Studio album by Tony Bennett and the Count Basie Orchestra
- Released: May 1959
- Recorded: January 3 & 5, 1959
- Studio: Capitol (New York)
- Genre: Vocal jazz
- Length: 27:01
- Label: Roulette SR-25072 SR-25231
- Producer: Teddy Reig

Tony Bennett chronology
| In Person! (1959) | Strike Up the Band (1959) | Hometown, My Town (1959) |

Count Basie Orchestra chronology
| In Person! (1959) | Strike Up the Band (1959) | Breakfast Dance and Barbecue (1959) |

Alternative cover
- Basie Swings, Bennett Sings (SR-25072)

= Strike Up the Band (Tony Bennett and Count Basie album) =

1959 studio album by Tony Bennett with the Count Basie Orchestra

Strike Up the Band is a 1959 studio album by Tony Bennett with the Count Basie Orchestra.
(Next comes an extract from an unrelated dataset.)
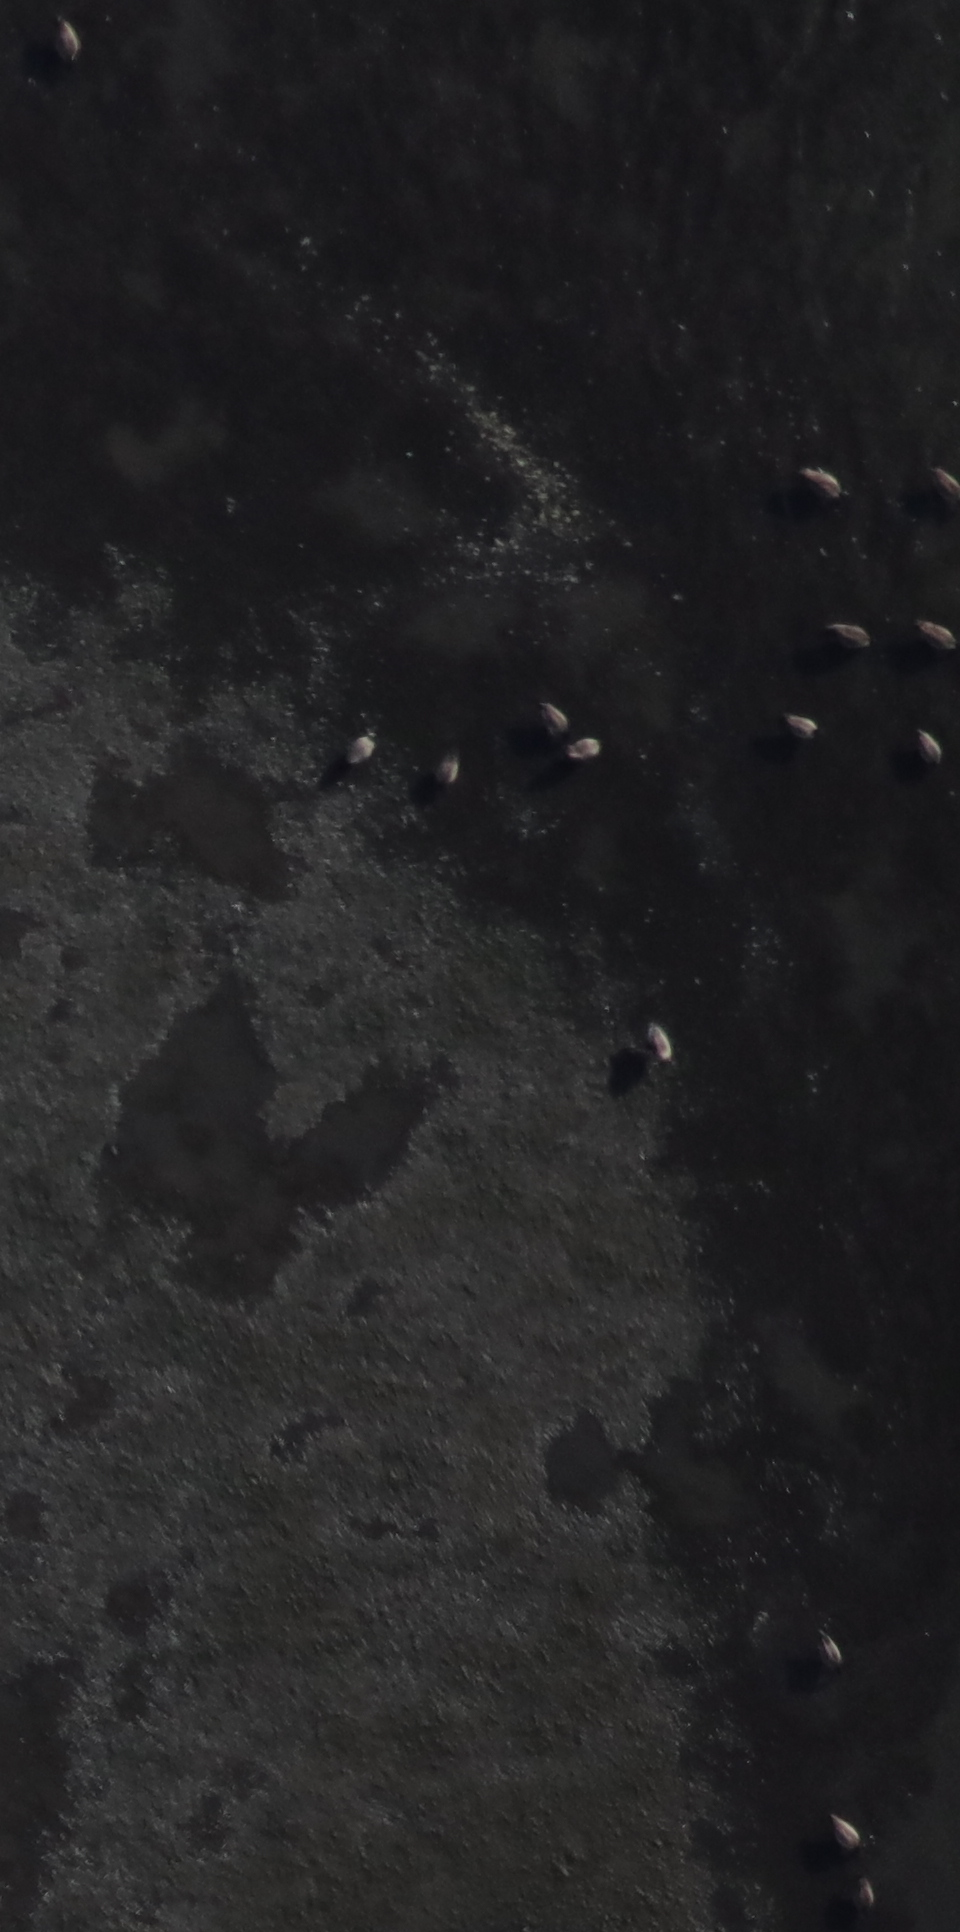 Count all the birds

The album was released at first with the title Basie Swings, Bennett Sings as SR-25072, featuring a different cover and track order.

Bennett and Count Basie recorded two albums together in 1959. The other one, In Person!, was released by Bennett's record label, Columbia, while this album was released by Roulette, Basie's label.

On November 8, 2011, Sony Music Distribution included the CD in a box set entitled The Complete Collection.

== Reception ==

Cashbox believed that "an electric excitement emanates from every groove as the two prove they are an unbeatable combination on such tasty items as “Jeepers Creepers,” “Anything Goes,” “Strike Up The Band,” and .“I Guess I’ll Have To Change My Plans.’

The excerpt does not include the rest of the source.